▸ WHAT IS BEING ASKED: Report back each line of the data that contains the word "pieces".

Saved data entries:
▶

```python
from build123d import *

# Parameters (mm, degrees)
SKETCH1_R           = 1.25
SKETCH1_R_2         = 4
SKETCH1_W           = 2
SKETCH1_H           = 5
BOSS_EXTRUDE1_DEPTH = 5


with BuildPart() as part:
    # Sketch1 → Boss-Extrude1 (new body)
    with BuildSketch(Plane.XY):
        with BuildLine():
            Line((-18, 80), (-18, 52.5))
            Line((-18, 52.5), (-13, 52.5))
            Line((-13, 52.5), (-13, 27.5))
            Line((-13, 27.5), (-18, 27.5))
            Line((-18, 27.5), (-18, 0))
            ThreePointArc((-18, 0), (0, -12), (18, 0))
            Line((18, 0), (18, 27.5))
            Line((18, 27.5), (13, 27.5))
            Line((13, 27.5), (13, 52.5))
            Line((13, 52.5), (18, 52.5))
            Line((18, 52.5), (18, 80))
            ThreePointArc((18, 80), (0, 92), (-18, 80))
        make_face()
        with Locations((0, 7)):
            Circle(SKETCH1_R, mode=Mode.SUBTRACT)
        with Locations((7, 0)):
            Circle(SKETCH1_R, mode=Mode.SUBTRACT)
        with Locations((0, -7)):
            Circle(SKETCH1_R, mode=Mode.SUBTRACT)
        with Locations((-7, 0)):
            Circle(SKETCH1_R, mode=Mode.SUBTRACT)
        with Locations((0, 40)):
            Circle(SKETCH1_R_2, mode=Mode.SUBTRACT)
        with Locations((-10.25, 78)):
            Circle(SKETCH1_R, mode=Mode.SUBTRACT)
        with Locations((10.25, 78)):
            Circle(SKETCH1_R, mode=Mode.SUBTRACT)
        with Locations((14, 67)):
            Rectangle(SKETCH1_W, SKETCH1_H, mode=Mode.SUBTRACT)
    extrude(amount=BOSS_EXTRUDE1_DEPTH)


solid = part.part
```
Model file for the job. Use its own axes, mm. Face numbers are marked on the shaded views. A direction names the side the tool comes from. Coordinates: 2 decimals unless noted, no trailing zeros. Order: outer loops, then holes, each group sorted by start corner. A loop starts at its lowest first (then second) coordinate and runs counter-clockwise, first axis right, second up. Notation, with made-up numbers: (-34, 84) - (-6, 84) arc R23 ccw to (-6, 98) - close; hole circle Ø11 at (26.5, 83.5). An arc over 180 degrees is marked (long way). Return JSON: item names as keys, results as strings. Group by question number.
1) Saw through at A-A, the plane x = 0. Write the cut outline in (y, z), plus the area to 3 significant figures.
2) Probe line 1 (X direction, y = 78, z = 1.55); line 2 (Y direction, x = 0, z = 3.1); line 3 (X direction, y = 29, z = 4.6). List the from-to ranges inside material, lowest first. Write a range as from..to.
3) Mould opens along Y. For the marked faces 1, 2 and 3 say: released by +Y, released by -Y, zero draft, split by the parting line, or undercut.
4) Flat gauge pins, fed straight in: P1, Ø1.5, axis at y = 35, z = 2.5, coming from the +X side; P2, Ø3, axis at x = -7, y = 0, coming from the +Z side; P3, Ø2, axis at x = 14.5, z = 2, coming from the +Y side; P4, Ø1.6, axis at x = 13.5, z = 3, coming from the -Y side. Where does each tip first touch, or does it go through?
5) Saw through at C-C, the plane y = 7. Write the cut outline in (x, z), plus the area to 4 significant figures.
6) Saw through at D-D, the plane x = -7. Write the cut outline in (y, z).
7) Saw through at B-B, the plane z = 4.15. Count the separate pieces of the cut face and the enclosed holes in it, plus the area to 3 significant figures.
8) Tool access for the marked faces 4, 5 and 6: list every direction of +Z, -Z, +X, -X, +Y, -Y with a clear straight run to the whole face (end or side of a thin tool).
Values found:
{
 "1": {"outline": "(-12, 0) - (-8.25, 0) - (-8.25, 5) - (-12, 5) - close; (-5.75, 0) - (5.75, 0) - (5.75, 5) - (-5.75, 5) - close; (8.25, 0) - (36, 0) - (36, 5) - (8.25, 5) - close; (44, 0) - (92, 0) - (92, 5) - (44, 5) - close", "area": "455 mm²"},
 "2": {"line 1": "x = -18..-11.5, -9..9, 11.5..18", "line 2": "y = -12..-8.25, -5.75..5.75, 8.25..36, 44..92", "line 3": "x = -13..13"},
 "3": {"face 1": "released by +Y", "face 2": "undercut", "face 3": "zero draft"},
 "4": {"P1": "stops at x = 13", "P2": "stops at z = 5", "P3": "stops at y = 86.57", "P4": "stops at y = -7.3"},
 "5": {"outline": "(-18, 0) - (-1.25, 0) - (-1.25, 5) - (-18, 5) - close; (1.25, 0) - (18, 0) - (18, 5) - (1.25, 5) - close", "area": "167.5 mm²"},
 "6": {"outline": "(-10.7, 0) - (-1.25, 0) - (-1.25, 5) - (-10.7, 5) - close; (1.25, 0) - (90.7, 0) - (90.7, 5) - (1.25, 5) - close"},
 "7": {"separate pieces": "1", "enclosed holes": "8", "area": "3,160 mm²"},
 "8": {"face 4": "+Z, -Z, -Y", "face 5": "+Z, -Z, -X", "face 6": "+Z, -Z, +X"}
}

◀
▶

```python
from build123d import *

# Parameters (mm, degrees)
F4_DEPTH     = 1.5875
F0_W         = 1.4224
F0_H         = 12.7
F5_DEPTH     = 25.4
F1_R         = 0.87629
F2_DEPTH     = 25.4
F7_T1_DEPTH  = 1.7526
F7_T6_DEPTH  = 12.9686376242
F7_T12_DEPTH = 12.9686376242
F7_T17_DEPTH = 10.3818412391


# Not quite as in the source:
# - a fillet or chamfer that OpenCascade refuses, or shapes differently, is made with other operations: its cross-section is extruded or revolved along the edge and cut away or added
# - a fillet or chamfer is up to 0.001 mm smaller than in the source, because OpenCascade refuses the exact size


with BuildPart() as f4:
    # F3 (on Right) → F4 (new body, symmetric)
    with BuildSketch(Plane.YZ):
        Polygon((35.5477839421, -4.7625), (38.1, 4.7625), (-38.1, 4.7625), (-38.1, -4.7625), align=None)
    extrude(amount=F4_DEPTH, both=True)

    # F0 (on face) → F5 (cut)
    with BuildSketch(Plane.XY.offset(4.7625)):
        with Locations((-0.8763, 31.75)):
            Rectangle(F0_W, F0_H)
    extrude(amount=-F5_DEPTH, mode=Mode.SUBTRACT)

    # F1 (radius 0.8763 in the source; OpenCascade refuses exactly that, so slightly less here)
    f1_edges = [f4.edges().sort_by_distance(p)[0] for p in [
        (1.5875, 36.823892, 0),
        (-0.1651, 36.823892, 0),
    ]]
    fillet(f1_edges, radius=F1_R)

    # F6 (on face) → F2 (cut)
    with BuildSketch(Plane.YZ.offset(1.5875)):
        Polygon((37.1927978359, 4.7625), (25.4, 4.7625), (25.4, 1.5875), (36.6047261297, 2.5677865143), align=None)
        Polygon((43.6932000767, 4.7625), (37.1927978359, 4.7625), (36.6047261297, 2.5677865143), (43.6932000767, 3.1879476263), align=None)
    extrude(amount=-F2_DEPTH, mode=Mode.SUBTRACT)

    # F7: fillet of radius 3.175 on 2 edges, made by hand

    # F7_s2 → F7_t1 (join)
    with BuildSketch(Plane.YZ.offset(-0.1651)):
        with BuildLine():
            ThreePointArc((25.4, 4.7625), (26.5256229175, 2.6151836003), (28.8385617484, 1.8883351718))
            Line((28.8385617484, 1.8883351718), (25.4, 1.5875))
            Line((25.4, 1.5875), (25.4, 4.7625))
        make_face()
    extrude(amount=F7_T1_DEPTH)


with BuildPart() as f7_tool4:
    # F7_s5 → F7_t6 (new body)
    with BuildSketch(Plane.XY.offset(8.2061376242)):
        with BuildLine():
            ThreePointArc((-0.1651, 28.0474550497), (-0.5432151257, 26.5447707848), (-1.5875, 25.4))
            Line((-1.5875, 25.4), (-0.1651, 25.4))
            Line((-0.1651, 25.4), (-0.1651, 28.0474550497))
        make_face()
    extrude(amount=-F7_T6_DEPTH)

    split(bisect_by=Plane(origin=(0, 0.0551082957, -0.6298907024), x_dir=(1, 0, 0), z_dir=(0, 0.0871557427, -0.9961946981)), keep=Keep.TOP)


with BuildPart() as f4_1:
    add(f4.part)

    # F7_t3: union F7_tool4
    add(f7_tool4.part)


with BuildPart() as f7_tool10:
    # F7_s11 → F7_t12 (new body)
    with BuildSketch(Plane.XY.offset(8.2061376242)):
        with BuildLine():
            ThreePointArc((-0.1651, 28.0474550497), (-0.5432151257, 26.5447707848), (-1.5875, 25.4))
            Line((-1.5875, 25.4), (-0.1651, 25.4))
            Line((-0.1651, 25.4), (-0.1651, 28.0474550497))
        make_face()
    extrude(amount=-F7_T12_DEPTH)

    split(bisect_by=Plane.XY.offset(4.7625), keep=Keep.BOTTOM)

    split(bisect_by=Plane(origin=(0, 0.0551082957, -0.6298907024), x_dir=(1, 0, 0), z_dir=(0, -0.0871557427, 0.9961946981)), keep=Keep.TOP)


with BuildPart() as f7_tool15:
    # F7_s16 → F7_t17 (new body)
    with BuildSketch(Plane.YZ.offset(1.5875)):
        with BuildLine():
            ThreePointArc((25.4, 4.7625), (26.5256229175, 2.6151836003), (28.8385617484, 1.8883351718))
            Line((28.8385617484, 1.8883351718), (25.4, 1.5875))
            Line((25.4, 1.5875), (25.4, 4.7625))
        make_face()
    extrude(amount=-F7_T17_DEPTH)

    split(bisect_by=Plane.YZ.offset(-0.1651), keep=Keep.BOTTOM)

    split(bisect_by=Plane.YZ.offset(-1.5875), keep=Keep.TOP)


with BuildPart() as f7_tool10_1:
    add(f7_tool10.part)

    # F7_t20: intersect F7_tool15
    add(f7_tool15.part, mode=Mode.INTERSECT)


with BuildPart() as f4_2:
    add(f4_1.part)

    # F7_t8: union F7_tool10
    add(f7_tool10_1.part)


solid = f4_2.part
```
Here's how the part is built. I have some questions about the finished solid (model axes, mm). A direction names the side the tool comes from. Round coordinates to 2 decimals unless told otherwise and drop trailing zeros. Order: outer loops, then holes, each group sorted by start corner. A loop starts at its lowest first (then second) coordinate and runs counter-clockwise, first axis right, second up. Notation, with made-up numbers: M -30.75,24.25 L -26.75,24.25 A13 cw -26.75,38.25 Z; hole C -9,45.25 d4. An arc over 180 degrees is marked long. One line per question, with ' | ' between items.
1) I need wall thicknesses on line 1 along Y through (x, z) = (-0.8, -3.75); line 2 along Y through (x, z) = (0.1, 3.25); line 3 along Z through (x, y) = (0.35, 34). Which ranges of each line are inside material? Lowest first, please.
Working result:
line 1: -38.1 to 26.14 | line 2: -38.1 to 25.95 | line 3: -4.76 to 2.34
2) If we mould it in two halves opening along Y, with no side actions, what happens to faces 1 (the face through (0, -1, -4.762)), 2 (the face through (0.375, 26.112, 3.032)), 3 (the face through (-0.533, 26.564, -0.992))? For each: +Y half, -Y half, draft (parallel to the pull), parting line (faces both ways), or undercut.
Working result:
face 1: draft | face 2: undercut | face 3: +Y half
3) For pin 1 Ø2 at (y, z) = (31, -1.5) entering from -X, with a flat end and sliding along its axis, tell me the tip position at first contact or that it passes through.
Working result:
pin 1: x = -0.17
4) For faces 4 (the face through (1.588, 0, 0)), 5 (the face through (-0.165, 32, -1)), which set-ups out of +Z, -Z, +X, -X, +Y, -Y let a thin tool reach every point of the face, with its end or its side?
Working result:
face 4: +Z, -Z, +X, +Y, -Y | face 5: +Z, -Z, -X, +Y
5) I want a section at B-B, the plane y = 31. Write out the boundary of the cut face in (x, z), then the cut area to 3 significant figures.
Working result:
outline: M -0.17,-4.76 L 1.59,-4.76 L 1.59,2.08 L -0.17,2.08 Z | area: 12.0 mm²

◀

▸ ANSWER SPACE:
7) Saw through at B-B, the plane z = 4.15. Count the separate pieces of the cut face and the enclosed holes in it, plus the area to 3 significant figures.
 "7": {"separate pieces": "1", "enclosed holes": "8", "area": "3,160 mm²"},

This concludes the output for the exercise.